# Environment

In [2]:
import torch
import joblib
import torch.nn as nn

from torchcrf import CRF
from collections import OrderedDict
from IPython.display import display, HTML
from transformers import AutoModel, XLMRobertaTokenizer

  from .autonotebook import tqdm as notebook_tqdm


# Corpus

In [3]:
class EntityDataset:
    def __init__(self, texts, tags, enc_tag, char_vocab):
        self.texts = texts
        self.tags = tags
        self.enc_tag=enc_tag
        self.char_vocab = char_vocab
        self.tokenizer = XLMRobertaTokenizer.from_pretrained("xlm-roberta-base")

    def __len__(self):
        return len(self.texts)

    def __getitem__(self, item):
        MAX_LEN = 256
        CHAR_MAX_LEN = 32
        
        text = self.texts[item]
        tags = self.tags[item]

        ids = []
        char_ids = []
        target_tag =[]

        for i, s in enumerate(text):
            inputs = self.tokenizer.encode(
                str(s),
                add_special_tokens=False
            )
            tokens = self.tokenizer.tokenize(s)
            input_len = len(inputs)
            ids.extend(inputs)

            # Tag
            target_tag.extend([tags[i]] * input_len)

            # Char
            char, input_char_ids = [], []
            for token in tokens:
                if token == self.tokenizer.unk_token:
                    char.append(token)
                    input_char_ids.append([self.char_vocab.get(token, 0)])
                else:
                    character = [char for char in token]
                    character_ids = [self.char_vocab[i] for i in token]
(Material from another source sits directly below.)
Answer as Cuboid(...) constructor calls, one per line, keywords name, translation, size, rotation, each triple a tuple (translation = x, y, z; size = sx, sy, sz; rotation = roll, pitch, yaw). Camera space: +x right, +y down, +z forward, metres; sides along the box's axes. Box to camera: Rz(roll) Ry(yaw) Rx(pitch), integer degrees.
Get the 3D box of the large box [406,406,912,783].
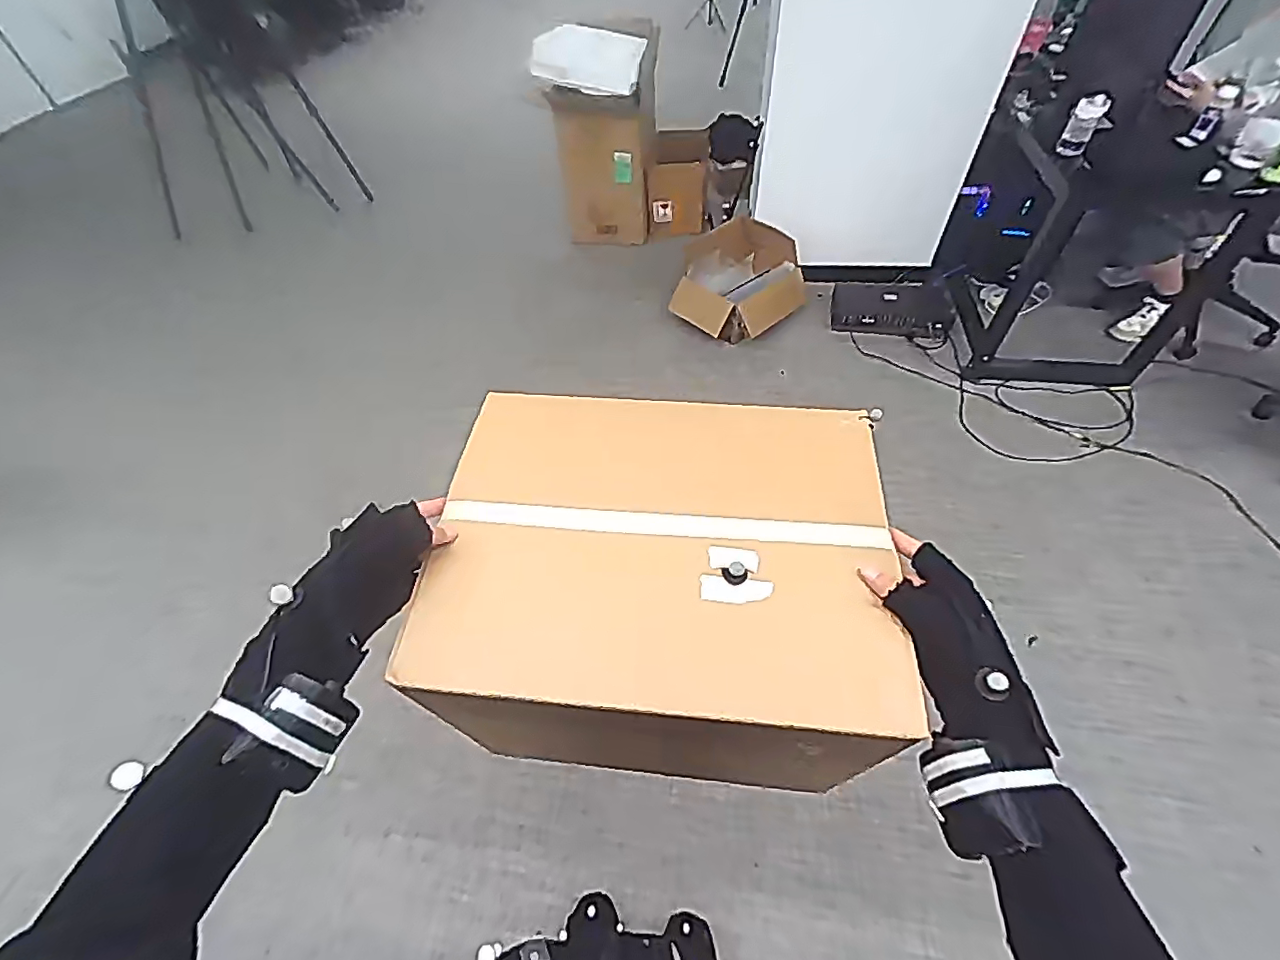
Cuboid(name="large box", translation=(0.024, 0.138, 0.623), size=(0.408, 0.320, 0.320), rotation=(4, 55, 5))

                    char.append(character)
                    input_char_ids.append(character_ids)
            char_ids.extend(input_char_ids)
            
        ids = ids[:MAX_LEN - 2]
        char_ids = char_ids[:MAX_LEN - 2]
        target_tag = target_tag[:MAX_LEN - 2]

        # Add special token: <s> and </s>
        CLS_ID = self.tokenizer.cls_token_id
        SEP_ID = self.tokenizer.sep_token_id
        ids = [CLS_ID] + ids + [SEP_ID]

        char_ids = [[0]] + char_ids + [[0]]
        
        o_tag=self.enc_tag.transform(["O"])[0]
        target_tag = [o_tag] + target_tag + [o_tag]

        # Masking
        mask = [1] * len(ids)
        token_type_ids = [0] * len(ids) # Not used in XLM-R, just for compatibility

        padding_len = MAX_LEN - len(ids)

        ids = ids + ([self.tokenizer.pad_token_id] * padding_len)
        mask = mask + ([0] * padding_len)
        token_type_ids = token_type_ids + ([0] * padding_len)
        target_tag = target_tag + ([0] * padding_len)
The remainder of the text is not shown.